The answer becomes more relevant when virtualization comes into the picture.  For a VM, the disk is virtual and is actually a file within another file system (most of the time).  Microsoft and Citrix use the VHD format for the VM files.  The VHD specification is public knowledge since Microsoft has documented as of a couple of years ago.  Given that there is a VHD file, everything needed by the operating system is there.  However, it becomes very difficult to manage this information from the outside.  Yes, there are ways to mount VHD drives within a native operating system, but this process is not necessarily easy to automate.  Well, at least not for everyone.

Then a new factor enters the equation.  Since the outside tools cannot see inside the VHD to understand what Windows is actually using, it becomes very difficult to do any kind of analysis or consolidation.  Microsoft does have a solution for compressing a VHD with Virtual PC 2007.  Unfortunately, there are many steps and it involves executing code both inside and outside the VM.  Wouldn’t it be nice if this could be managed completely from the outside?  Wouldn’t it be nice if every cluster (block) was paired with a file?

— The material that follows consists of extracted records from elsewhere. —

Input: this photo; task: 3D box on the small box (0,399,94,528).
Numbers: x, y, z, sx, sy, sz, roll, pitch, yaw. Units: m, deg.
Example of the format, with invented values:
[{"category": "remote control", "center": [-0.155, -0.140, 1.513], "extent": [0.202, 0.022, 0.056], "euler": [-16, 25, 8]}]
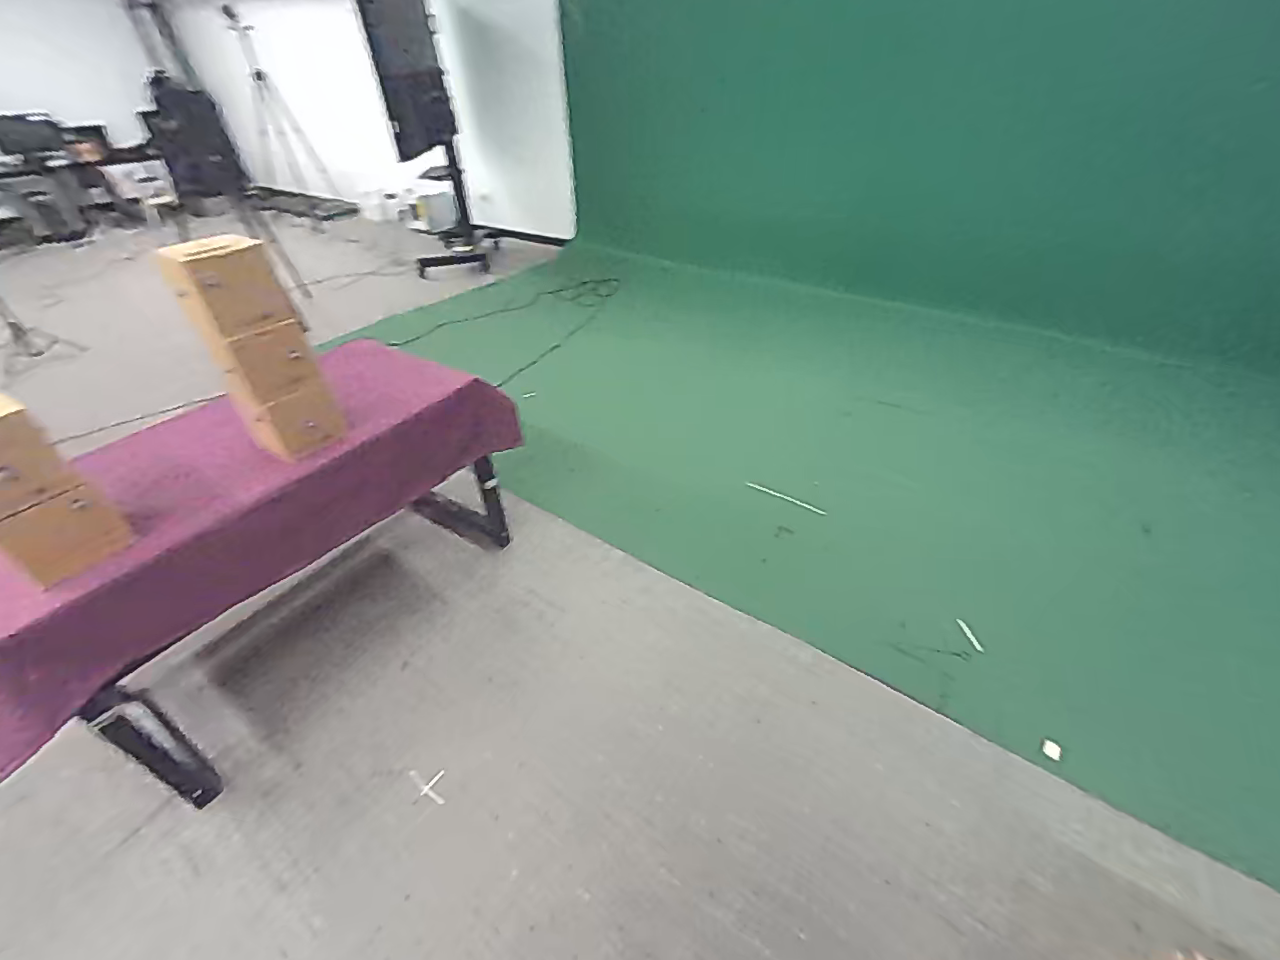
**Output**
[{"category": "small box", "center": [-1.197, -0.027, 1.015], "extent": [0.179, 0.176, 0.168], "euler": [19, 41, 26]}]

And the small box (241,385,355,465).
[{"category": "small box", "center": [-0.899, -0.161, 1.435], "extent": [0.179, 0.176, 0.168], "euler": [21, 44, 29]}]

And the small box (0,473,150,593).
[{"category": "small box", "center": [-1.185, 0.103, 1.116], "extent": [0.168, 0.176, 0.179], "euler": [19, 42, 26]}]

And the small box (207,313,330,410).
[{"category": "small box", "center": [-0.909, -0.292, 1.338], "extent": [0.179, 0.176, 0.168], "euler": [23, 44, 30]}]

This sounds difficult and overall the problem is very tough.  The benefits however would be huge.  Basically any file operation performed on the inside could potentially be performed on the outside.  This would include things like defragmentation and shrinking the VHD to get rid of the blank chunks.  It could also include peering into the VHD to see what is there and even the hope of doing updates.

Other possible ventures would include merging virtual disks and even creating virtual disks out of multiple virtual disks.  It is possible to focus on the files instead of the blocks, it would much more possible to have base and delta disks which would both be allowed to change but yet form a cohesive volume to the user.  It is good to dream.

The sources of information look promising.  Microsoft has published APIs related to defragmenting disks which can locate a file on disk.  The API also allow for cluster relocation.  Beyond this, there are projects for Linux to understand NTFS.  Those teams have done much to discover the structure of NTFS and have included this knowledge in their programs and their documentation.  With these kind of guidelines, with patience, NTFS starts to open up and new things become possible.

There is a bit of vagueness about going on here.  It is still too early to talk about in detail.  However, it does seem that specific tasks are within reach which did not look so possible before.  Combining the knowledge of VHD with NTFS to form new tools looks incredibly attractive.